Saturday: 33 Iraqis, 55 PKK Rebels Killed; 10 Iraqis Wounded

Turkish raids kill dozens in Iraq; Zebari warns of destabilisation

Another Phone Call

It will sound silly, not worth it but it made me happy, smiling and above all thinking how many simple things can mean a lot. For the first time in more than three years I can call Fallujah from a land line in Baghdad. Yeeeeeeeeeeeeeeeeeah The service was restored two days ago and the cables were fixed. I believe it is another step towards square one. It is not progress; it is crawling to have what we had before 2003, though we had many good things that we didn’t have before 2003 and of course many other bad things that we didn’t have before 2003. I will now dream another good thing will happen, before I type in the violence report which makes my dreams go in vain as we start counting the days' victims. [Over three years since the destruction of Fallujah, and just now land lines are restored – well, partially restored. – dancewater]

Ominous Signs Remain in City Run by Iraqis

What makes the situation in BasraIraq’s second largest city and commercial hub — so alarming, they say, is that it is a test of Iraqi rule under relatively optimal conditions: Basra has the nation’s best economic base, little ethnic tension within a homogeneous Shiite population and no Western occupation force to inflame nationalist tensions. Yet the city remains deeply troubled. Disappearances of doctors, teachers and other professionals are common, as are some clashes among competing militias, most of which are linked to political parties. Murder victims include judicial investigators, politicians and tribal sheiks.

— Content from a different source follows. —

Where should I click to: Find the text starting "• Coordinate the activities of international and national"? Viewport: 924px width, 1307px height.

….. Iraq’s security forces are the most conspicuous example of the tension between politics and violence in Basra, and the aptly named Serious Crimes Unit of the Basra Police is perhaps the most egregious example. The British Army determined that the unit was a death squad linked to Shiite militias and dispatched Warrior tanks in December 2006 to pound the rogue force’s headquarters to rubble. But Iraqi arrest warrants for the unit’s members have never been executed. [Do they really think that destroying the building will put an end to the death squads? Are they total idiots? – dancewater]

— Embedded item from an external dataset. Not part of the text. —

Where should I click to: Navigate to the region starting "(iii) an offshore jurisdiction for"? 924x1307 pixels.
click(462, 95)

Basra's 2008-2010 development strategy set out

An updated strategy for developing Iraq's southern province of Basra in the period 2008-2010 has been developed by a specialized committee, Basra's provincial council head said on Saturday. "Basra's strategy is the first developed by the provincial council in cooperation with concerned bodies, governmental institutions and local councils, in a bid to coordinate work and provide a comprehensive vision of all sectors in the province," Muhammad Saadoun al-Abbadi told Aswat al-Iraq, Voices of Iraq, (VOI). "Under this strategy, the current or incoming provincial council will have to take practical steps to provide necessary finance for the reconstruction of the city," the council's head explained, citing allocations from the central government, donations and grants from investors as the main sources of finance.

Iraqi students, overburdened with transportation costs

College students in Iraq are tremendously overburdened with the high transportation costs, especially in Baghdad – capital city of Iraq-. Rihab Safaa and her average Baghdadi family is a sample of that tenor. As 19 years old undergraduate student at the University of BaghdadCollege of Engineering, Safaa is full of life, she didn't miss her optimistic laugh, despite that she is suffering. Her everyday trip to college engenders a serious notch in her family's monthly budget that relies heavily on her father's salary of a civil servant. Safaa said "I spend at least 3,000 Iraqi dinars ( $2.5) per day on my trip to college and back home," explaining "We have a private car, but my father use it to deliver my younger brother and sister to their schools."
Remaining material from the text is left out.